Post-Trade Analysis of Yesterday’s AP Hack!

And How Gatekeeper Fared…
One concern that I’ve noticed amongst options traders is their reluctance to auto-quote. Auto-quoting is the usage of an options model to send buy and sell orders in terms of volatility rather than outright market prices. Doing this is useful for traders who want to buy and sell at specified volatility points across an entire option chain, and they often times delta hedge directly into the underlying whenever their auto-quoting orders are filled.

The fear from auto-quoting comes from slow or latent systems getting hit on multiple strikes whenever a “book sweep,” or rapid repricing of the underlying, occurs. Auto-quoting computer systems need to do up to four Black-Scholes (or insert your favorite model) calculations for every single strike that they’re auto-quoting in, and then get change orders back out on the wire to the matching engine. If you’re quoting in 10 different underlyings, each with 40 live strikes under fast market conditions, you could be having to do up to 1600 partial differential equations per repricing. This in combination with messaging overhead, automated order logic, and user-interfaces can bring even the most powerful trading computers to their knees in fast market conditions! In other words, auto-quoting systems have historically tended to fail right when they’re needed the most!

Market conditions like yesterday’s False Tweet coming from Associated Press can be incredibly expensive in the first place, and a failure or freeze of an auto-quoting system could be catastrophic. The following is a recount of my experiences using SD Gatekeeper during the crash.

First a bit of background: I’ve been at a client site for the past week testing the next generation of tools we’re building. I sit in a small office right next to the traders that are using it and I spend most of my time babysitting algorithms and communicating with the developers about any bugs or performance issues with the software. In the meantime, the traders are using Gatekeeper to make 2 sided markets. Due to the proprietary nature of my customers’ trade and my duty to protect their trade secrets, I will not be disclosing what markets they were participating in however I can share the following pieces of data:

  • At the time of the crash, they were making 2 sided markets in 6 different markets, 5 of which were severely impacted by the crash.
  • All of the auto-quoting was taking place on a client machine several milliseconds away from the CME.

Around 10:00 AM PST, we observed a massive sell off in the E-Mini S&P. Though the exact events that took place from there are both a bit hazy to me due to the activity and strictly confidential, the important piece of information is that several minutes had passed between when the crash began to take place and when we finally pulled our orders. This sounds like all of the makings of disaster, but not so.

Blue Horseshoe Loves Gatekeeper

During the entire period of heightened market activity, Gatekeeper was successful in moving its orders out of the way and NOT ONE SINGLE ORDER was filled at a bad price. While there was a brief lockup of the User Interface, the auto-quoting functionality performed flawlessly even during the lockup.

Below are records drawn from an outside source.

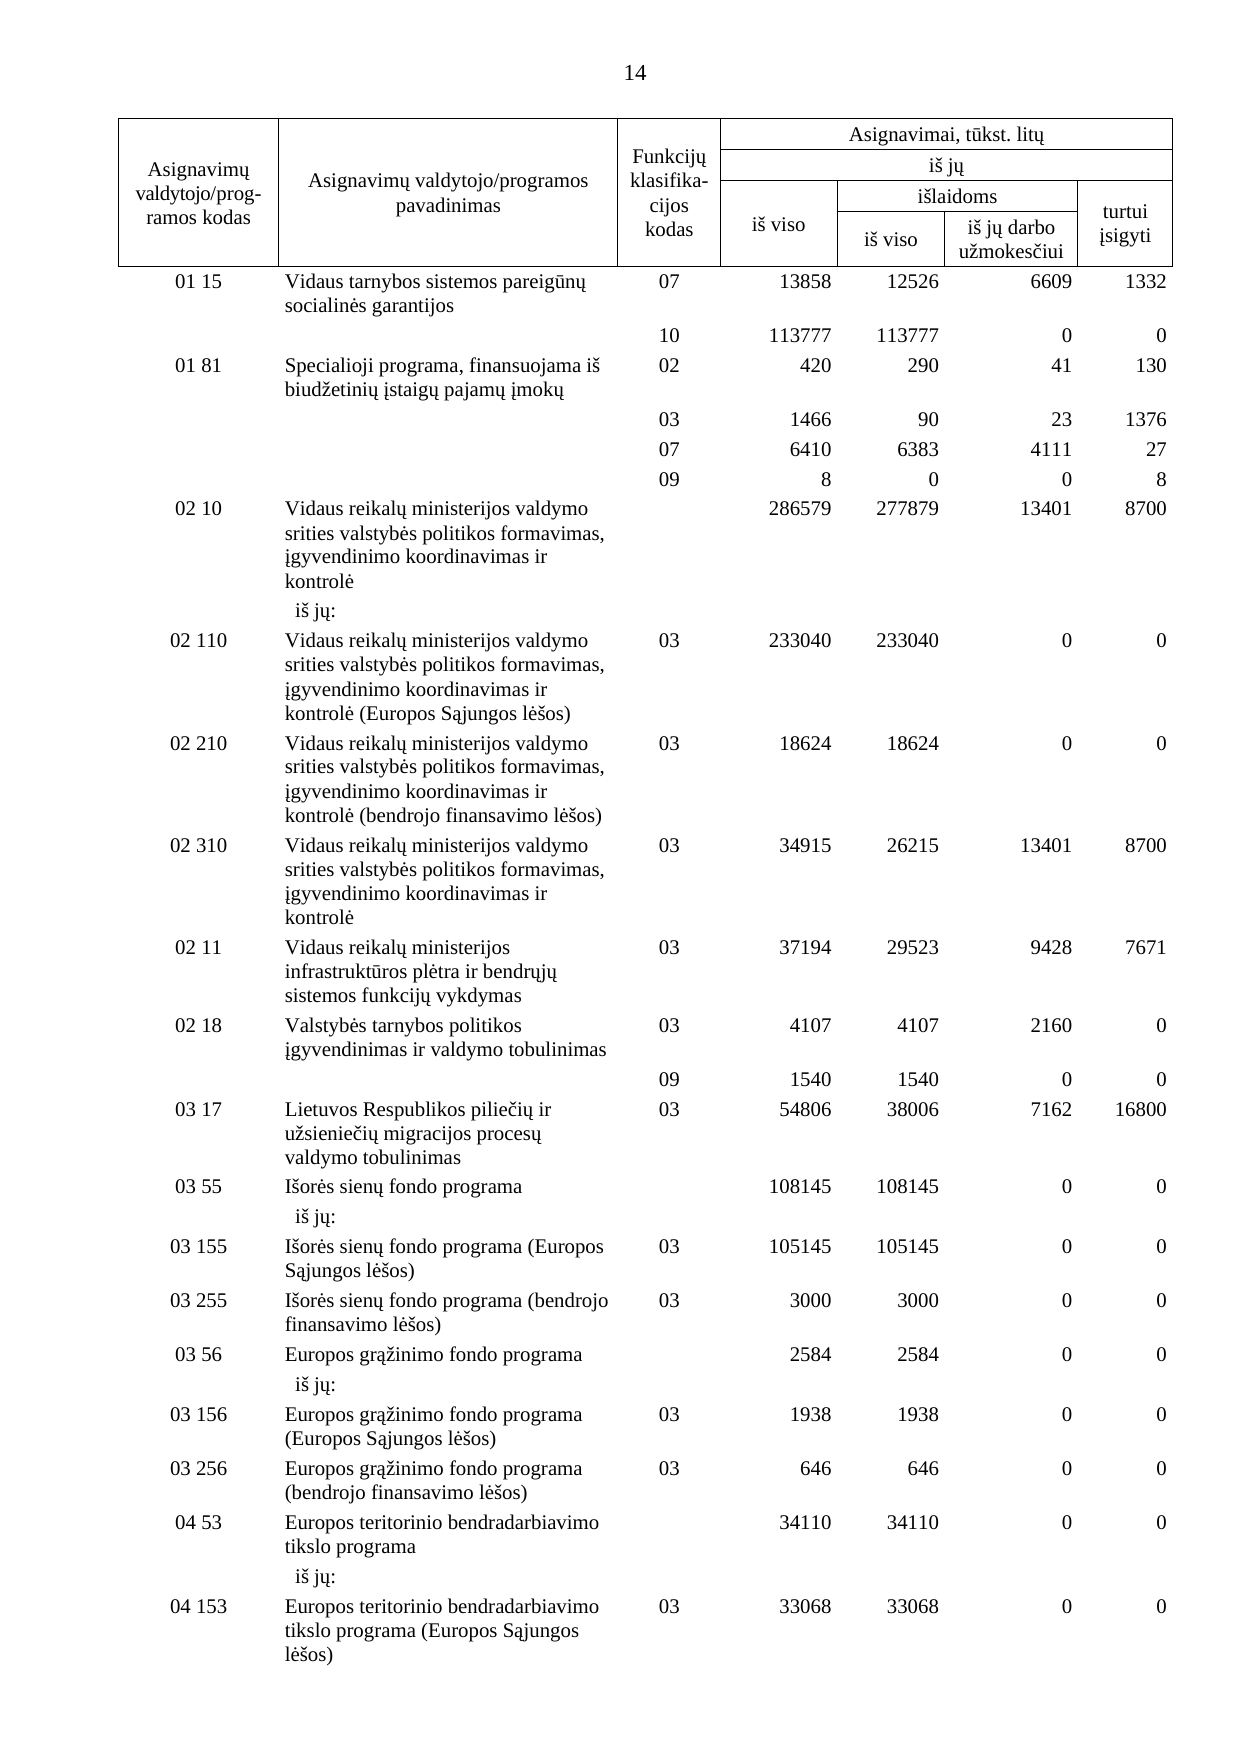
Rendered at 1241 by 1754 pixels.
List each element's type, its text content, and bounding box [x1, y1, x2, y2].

table_cell [279, 434, 618, 463]
table_cell [618, 1172, 720, 1201]
table_cell 646 [837, 1453, 944, 1507]
table_cell [118, 434, 278, 463]
table_cell [1078, 596, 1172, 625]
table_cell Specialioji programa, finansuojama iš biudžetinių įstaigų pajamų įmokų [279, 350, 618, 404]
table_cell Vidaus reikalų ministerijos infrastruktūros plėtra ir bendrųjų sistemos funkcijų vykdymas [279, 932, 618, 1010]
table_cell 03 56 [118, 1339, 278, 1369]
table_cell 9428 [945, 932, 1078, 1010]
table_cell 13401 [945, 494, 1078, 596]
table_cell 02 18 [118, 1010, 278, 1064]
table_header Asignavimų valdytojo/programos pavadinimas [279, 119, 617, 266]
table_cell 105145 [720, 1231, 837, 1285]
table_cell 0 [1078, 1010, 1172, 1064]
table_cell 1938 [837, 1399, 944, 1453]
table_cell 0 [1078, 320, 1172, 350]
table_cell 03 155 [118, 1231, 278, 1285]
table_cell [945, 596, 1078, 625]
table_cell 8700 [1078, 494, 1172, 596]
table_cell 2584 [837, 1339, 944, 1369]
table_cell 04 53 [118, 1507, 278, 1561]
table_cell 105145 [837, 1231, 944, 1285]
table_cell 0 [945, 1231, 1078, 1285]
table_cell [118, 320, 278, 350]
table_cell 29523 [837, 932, 944, 1010]
table_cell 8 [720, 464, 837, 493]
table_cell 01 15 [118, 267, 278, 320]
table_cell 646 [720, 1453, 837, 1507]
table_cell 0 [1078, 1507, 1172, 1561]
table_cell 0 [945, 1453, 1078, 1507]
table_cell 03 [618, 1591, 720, 1669]
table_cell 0 [945, 464, 1078, 493]
table_cell 18624 [720, 728, 837, 829]
table_cell 03 55 [118, 1172, 278, 1201]
table_cell 0 [945, 1064, 1078, 1093]
table_cell 34110 [720, 1507, 837, 1561]
table_cell [618, 1369, 720, 1399]
table_cell [837, 1561, 944, 1591]
table_cell 8 [1078, 464, 1172, 493]
table_cell 4111 [945, 434, 1078, 463]
table_cell Europos grąžinimo fondo programa [279, 1339, 618, 1369]
table_cell iš jų: [279, 1201, 618, 1231]
table_cell 23 [945, 404, 1078, 434]
table_cell 7162 [945, 1094, 1078, 1172]
table_cell 0 [945, 320, 1078, 350]
table_cell Vidaus reikalų ministerijos valdymo srities valstybės politikos formavimas, įgyvendinimo koordinavimas ir kontrolė (Europos Sąjungos lėšos) [279, 625, 618, 727]
table_cell [118, 464, 278, 493]
table_cell 0 [1078, 625, 1172, 727]
table_cell 108145 [837, 1172, 944, 1201]
table_cell 1376 [1078, 404, 1172, 434]
table_cell 2584 [720, 1339, 837, 1369]
table_cell [1078, 1201, 1172, 1231]
table_cell [837, 596, 944, 625]
table_cell Europos teritorinio bendradarbiavimo tikslo programa (Europos Sąjungos lėšos) [279, 1591, 618, 1669]
table_cell 41 [945, 350, 1078, 404]
table_cell 113777 [720, 320, 837, 350]
table_cell 108145 [720, 1172, 837, 1201]
table_cell [720, 1369, 837, 1399]
table_cell iš jų darbo užmokesčiui [945, 212, 1077, 266]
table_cell 0 [1078, 1591, 1172, 1669]
table_cell 233040 [837, 625, 944, 727]
table_cell 13401 [945, 830, 1078, 932]
table_cell [279, 464, 618, 493]
table_cell 0 [837, 464, 944, 493]
table_cell 03 [618, 1399, 720, 1453]
table_cell 1540 [720, 1064, 837, 1093]
table_cell 0 [1078, 1453, 1172, 1507]
table_cell 10 [618, 320, 720, 350]
table_cell 27 [1078, 434, 1172, 463]
table_cell 33068 [837, 1591, 944, 1669]
table_cell 03 17 [118, 1094, 278, 1172]
table_cell Europos grąžinimo fondo programa (bendrojo finansavimo lėšos) [279, 1453, 618, 1507]
table_cell 02 [618, 350, 720, 404]
table_cell 01 81 [118, 350, 278, 404]
table_cell 03 255 [118, 1285, 278, 1339]
table_cell 09 [618, 1064, 720, 1093]
table_cell [618, 494, 720, 596]
table_cell 07 [618, 434, 720, 463]
table_cell 02 310 [118, 830, 278, 932]
table_cell [279, 320, 618, 350]
table_cell 54806 [720, 1094, 837, 1172]
table_cell iš viso [721, 181, 837, 266]
table_cell [118, 1561, 278, 1591]
table_cell Europos grąžinimo fondo programa (Europos Sąjungos lėšos) [279, 1399, 618, 1453]
table_cell 03 [618, 1094, 720, 1172]
table_cell 03 [618, 625, 720, 727]
table_cell 0 [945, 625, 1078, 727]
table_header Funkcijų klasifika-cijos kodas [618, 119, 720, 266]
table_cell 0 [1078, 1399, 1172, 1453]
table_cell 6383 [837, 434, 944, 463]
table_cell 03 [618, 1453, 720, 1507]
table_cell 277879 [837, 494, 944, 596]
table_cell 33068 [720, 1591, 837, 1669]
table_cell 130 [1078, 350, 1172, 404]
table_cell 12526 [837, 267, 944, 320]
table_cell iš jų: [279, 1369, 618, 1399]
table_cell 0 [945, 1399, 1078, 1453]
table_cell 38006 [837, 1094, 944, 1172]
table_cell 03 256 [118, 1453, 278, 1507]
table_cell [618, 1507, 720, 1561]
table_cell 6410 [720, 434, 837, 463]
table_cell 03 [618, 404, 720, 434]
table_cell 2160 [945, 1010, 1078, 1064]
table_cell Lietuvos Respublikos piliečių ir užsieniečių migracijos procesų valdymo tobulinimas [279, 1094, 618, 1172]
table_cell 3000 [720, 1285, 837, 1339]
table_cell 04 153 [118, 1591, 278, 1669]
table_cell 90 [837, 404, 944, 434]
table_cell iš jų: [279, 1561, 618, 1591]
table_cell iš jų [721, 150, 1172, 180]
table_cell [279, 1064, 618, 1093]
table_cell 0 [945, 1339, 1078, 1369]
table_cell iš viso [838, 212, 944, 266]
table_cell 1938 [720, 1399, 837, 1453]
table_cell [1078, 1561, 1172, 1591]
table_cell 03 [618, 830, 720, 932]
table_cell 26215 [837, 830, 944, 932]
table_cell 03 [618, 932, 720, 1010]
table_cell [945, 1201, 1078, 1231]
table_cell [118, 596, 278, 625]
table_cell [118, 404, 278, 434]
table_cell 1466 [720, 404, 837, 434]
table_cell 420 [720, 350, 837, 404]
table_cell [1078, 1369, 1172, 1399]
table_cell Vidaus reikalų ministerijos valdymo srities valstybės politikos formavimas, įgyvendinimo koordinavimas ir kontrolė (bendrojo finansavimo lėšos) [279, 728, 618, 829]
table_cell Vidaus reikalų ministerijos valdymo srities valstybės politikos formavimas, įgyvendinimo koordinavimas ir kontrolė [279, 494, 618, 596]
table_cell [837, 1201, 944, 1231]
table_cell 37194 [720, 932, 837, 1010]
table_cell 09 [618, 464, 720, 493]
table_cell [720, 1201, 837, 1231]
table_cell [118, 1201, 278, 1231]
table_cell [118, 1064, 278, 1093]
table_cell 0 [1078, 1064, 1172, 1093]
table_cell Europos teritorinio bendradarbiavimo tikslo programa [279, 1507, 618, 1561]
table_cell 1332 [1078, 267, 1172, 320]
table_cell 290 [837, 350, 944, 404]
table_cell 0 [945, 728, 1078, 829]
table_cell [720, 596, 837, 625]
table_cell išlaidoms [838, 181, 1077, 211]
table_cell 0 [1078, 1231, 1172, 1285]
table_cell 03 156 [118, 1399, 278, 1453]
table_cell 02 110 [118, 625, 278, 727]
table_cell [618, 1201, 720, 1231]
table_cell 6609 [945, 267, 1078, 320]
table_cell 0 [1078, 728, 1172, 829]
table_cell 34915 [720, 830, 837, 932]
table_cell 18624 [837, 728, 944, 829]
table_cell 02 10 [118, 494, 278, 596]
table_cell [618, 596, 720, 625]
table_cell 1540 [837, 1064, 944, 1093]
table_cell 13858 [720, 267, 837, 320]
table_cell 0 [945, 1591, 1078, 1669]
table_header Asignavimų valdytojo/prog-ramos kodas [119, 119, 278, 266]
table_cell iš jų: [279, 596, 618, 625]
table_cell 16800 [1078, 1094, 1172, 1172]
table_cell 0 [945, 1285, 1078, 1339]
table_cell 03 [618, 1285, 720, 1339]
table_cell 03 [618, 728, 720, 829]
table_cell 0 [945, 1172, 1078, 1201]
table_cell 4107 [837, 1010, 944, 1064]
table_cell 02 11 [118, 932, 278, 1010]
table_cell 8700 [1078, 830, 1172, 932]
table_cell [118, 1369, 278, 1399]
table_cell 233040 [720, 625, 837, 727]
table_cell Išorės sienų fondo programa (bendrojo finansavimo lėšos) [279, 1285, 618, 1339]
table_cell 0 [1078, 1285, 1172, 1339]
table_cell Išorės sienų fondo programa (Europos Sąjungos lėšos) [279, 1231, 618, 1285]
table_cell 03 [618, 1010, 720, 1064]
table_cell 0 [1078, 1339, 1172, 1369]
table_cell 02 210 [118, 728, 278, 829]
table_cell [618, 1339, 720, 1369]
table_cell Išorės sienų fondo programa [279, 1172, 618, 1201]
table_cell 7671 [1078, 932, 1172, 1010]
table_cell Valstybės tarnybos politikos įgyvendinimas ir valdymo tobulinimas [279, 1010, 618, 1064]
table_cell 34110 [837, 1507, 944, 1561]
table_cell 03 [618, 1231, 720, 1285]
table_cell 3000 [837, 1285, 944, 1339]
table_cell [945, 1561, 1078, 1591]
table_cell 07 [618, 267, 720, 320]
table_header Asignavimai, tūkst. litų [721, 119, 1172, 149]
table_cell [837, 1369, 944, 1399]
table_cell [279, 404, 618, 434]
table_cell 0 [945, 1507, 1078, 1561]
table_cell turtui įsigyti [1078, 181, 1172, 266]
table_cell Vidaus tarnybos sistemos pareigūnų socialinės garantijos [279, 267, 618, 320]
table_cell [720, 1561, 837, 1591]
table_cell [945, 1369, 1078, 1399]
table_cell [618, 1561, 720, 1591]
table_cell 113777 [837, 320, 944, 350]
table_cell 0 [1078, 1172, 1172, 1201]
table_cell 286579 [720, 494, 837, 596]
table_cell Vidaus reikalų ministerijos valdymo srities valstybės politikos formavimas, įgyvendinimo koordinavimas ir kontrolė [279, 830, 618, 932]
table_cell 4107 [720, 1010, 837, 1064]
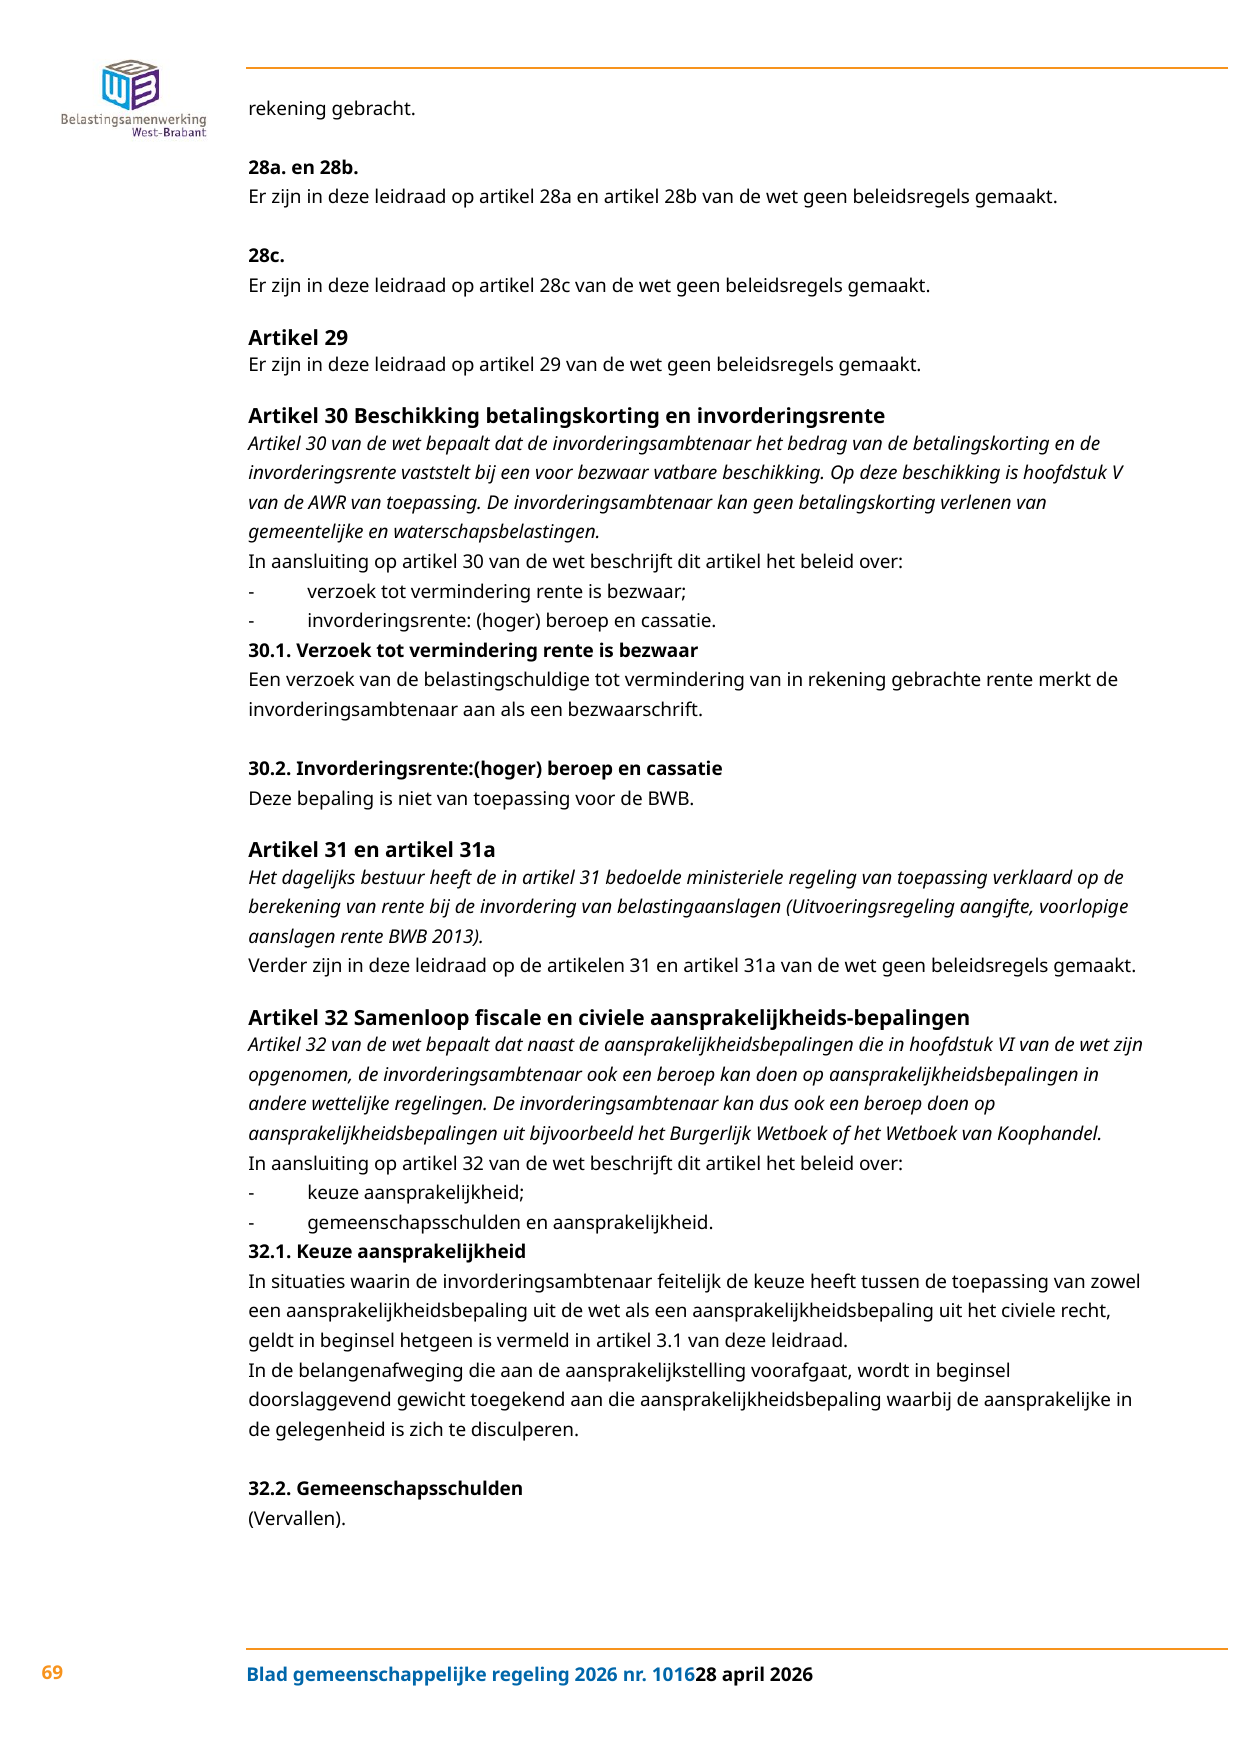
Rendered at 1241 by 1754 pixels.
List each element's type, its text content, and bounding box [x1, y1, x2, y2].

text Artikel 32 Samenloop fiscale en civiele aansprakelijkheids-bepalingen [248, 1003, 1152, 1031]
text 28c. [248, 243, 1152, 268]
text In situaties waarin de invorderingsambtenaar feitelijk de keuze heeft tussen de toepassing van zowel een aansprakelijkheidsbepaling uit de wet als een aansprakelijkheidsbepaling uit het civiele recht, geldt in beginsel hetgeen is vermeld in artikel 3.1 van deze leidraad. [248, 1268, 1152, 1353]
text 28a. en 28b. [248, 154, 1152, 180]
list gemeenschapsschulden en aansprakelijkheid. [248, 1209, 1152, 1235]
text Artikel 32 van de wet bepaalt dat naast de aansprakelijkheidsbepalingen die in hoofdstuk VI van de wet zijn opgenomen, de invorderingsambtenaar ook een beroep kan doen op aansprakelijkheidsbepalingen in andere wettelijke regelingen. De invorderingsambtenaar kan dus ook een beroep doen op aansprakelijkheidsbepalingen uit bijvoorbeeld het Burgerlijk Wetboek of het Wetboek van Koophandel. [248, 1031, 1152, 1146]
text 32.1. Keuze aansprakelijkheid [248, 1238, 1152, 1264]
text In aansluiting op artikel 32 van de wet beschrijft dit artikel het beleid over: [248, 1150, 1152, 1176]
list keuze aansprakelijkheid; [248, 1179, 1152, 1205]
text Er zijn in deze leidraad op artikel 28c van de wet geen beleidsregels gemaakt. [248, 272, 1152, 298]
list verzoek tot vermindering rente is bezwaar; [248, 578, 1152, 604]
text Deze bepaling is niet van toepassing voor de BWB. [248, 785, 1152, 811]
text Een verzoek van de belastingschuldige tot vermindering van in rekening gebrachte rente merkt de invorderingsambtenaar aan als een bezwaarschrift. [248, 667, 1152, 722]
text In aansluiting op artikel 30 van de wet beschrijft dit artikel het beleid over: [248, 548, 1152, 574]
text Artikel 29 [248, 323, 1152, 351]
text In de belangenafweging die aan de aansprakelijkstelling voorafgaat, wordt in beginsel doorslaggevend gewicht toegekend aan die aansprakelijkheidsbepaling waarbij de aansprakelijke in de gelegenheid is zich te disculperen. [248, 1357, 1152, 1442]
text Artikel 30 Beschikking betalingskorting en invorderingsrente [248, 402, 1152, 430]
text Artikel 31 en artikel 31a [248, 835, 1152, 864]
text rekening gebracht. [248, 95, 1152, 121]
text 30.1. Verzoek tot vermindering rente is bezwaar [248, 637, 1152, 663]
text Er zijn in deze leidraad op artikel 28a en artikel 28b van de wet geen beleidsregels gemaakt. [248, 183, 1152, 209]
text Het dagelijks bestuur heeft de in artikel 31 bedoelde ministeriele regeling van toepassing verklaard op de berekening van rente bij de invordering van belastingaanslagen (Uitvoeringsregeling aangifte, voorlopige aanslagen rente BWB 2013). [248, 864, 1152, 949]
text Verder zijn in deze leidraad op de artikelen 31 en artikel 31a van de wet geen beleidsregels gemaakt. [248, 953, 1152, 978]
text 30.2. Invorderingsrente:(hoger) beroep en cassatie [248, 755, 1152, 781]
picture [41, 47, 231, 172]
list invorderingsrente: (hoger) beroep en cassatie. [248, 607, 1152, 633]
text Artikel 30 van de wet bepaalt dat de invorderingsambtenaar het bedrag van de betalingskorting en de invorderingsrente vaststelt bij een voor bezwaar vatbare beschikking. Op deze beschikking is hoofdstuk V van de AWR van toepassing. De invorderingsambtenaar kan geen betalingskorting verlenen van gemeentelijke en waterschapsbelastingen. [248, 430, 1152, 544]
text Er zijn in deze leidraad op artikel 29 van de wet geen beleidsregels gemaakt. [248, 351, 1152, 377]
text (Vervallen). [248, 1505, 1152, 1531]
text 32.2. Gemeenschapsschulden [248, 1475, 1152, 1501]

For the tech geeks who want to understand how this is possible, I’m going to go into my analysis of the log files and subsequent stress testing and code profiling that my developers did. Casual readers my want to stop at this point, and I don’t blame you.

For the tech people:

Gatekeeper is an adapter-centric front end that uses a handful of assemblies. Namely, Gatekeeper, GKAPI, Strategies, and its adapters. All of the adapters inherit from our adapter base class to make it easy for us (and third-party developers) to add exchange connectivity and additional execution venues. All prices, orders, and business logic are then normalized into our concept of instruments, orders, prices and such in the GKAPI. Gatekeeper is simply a dumb UI implementation of the GKAPI. The strategies; Formula (autoquoting), Bookstackers, and Spread Bandit are all separate assemblies that use the GKAPI.

From a threading standpoint, we have a thread for each adapter, one for strategies, one for logging, and one for the UI. There other background workers doing various other tasks but for the purpose of this article, these are the relevant ones. The only one that became overwhelmed was the UI, and as we later found out, some of that wasn’t our fault.

In the form used yesterday, there were three supported adapters active; XTAPI, CTS, and Risk Server, however only the CTS Adapter was in use for auto-quoting purposes at the time of the crash.

For load-balancing purposes, CTS places limits on how often you can add or change orders to 50 orders per second but places no limitations on how many orders you can cancel. To prevent us from having our orders rejected, our adapter keeps track of how many changes and adds we’ve sent in a given second and cancels any order that “wants to change” after we’ve begun to approach our limit. We then add new orders at the requested change prices at a metered rate, as the adapter allows so that the user basically sees a changed order when in reality they were canceling, waiting, and replacing.

Under market conditions like yesterday, this essentially means that we were only slightly participating in the market (no more than 50 of our thousands of orders were active in the market at any given time).

Had we been using a DMA solution with co-location, we would have been fast enough to keep up anyways because our formula engine, FAST decoders and FIX engine have all been designed to accommodate for rapid repricing and mass-quoting. We take advantage of things like kernel bypass, scheduler optimizations, and iLink session spinning to bypass the limitations of 3rd party API’s.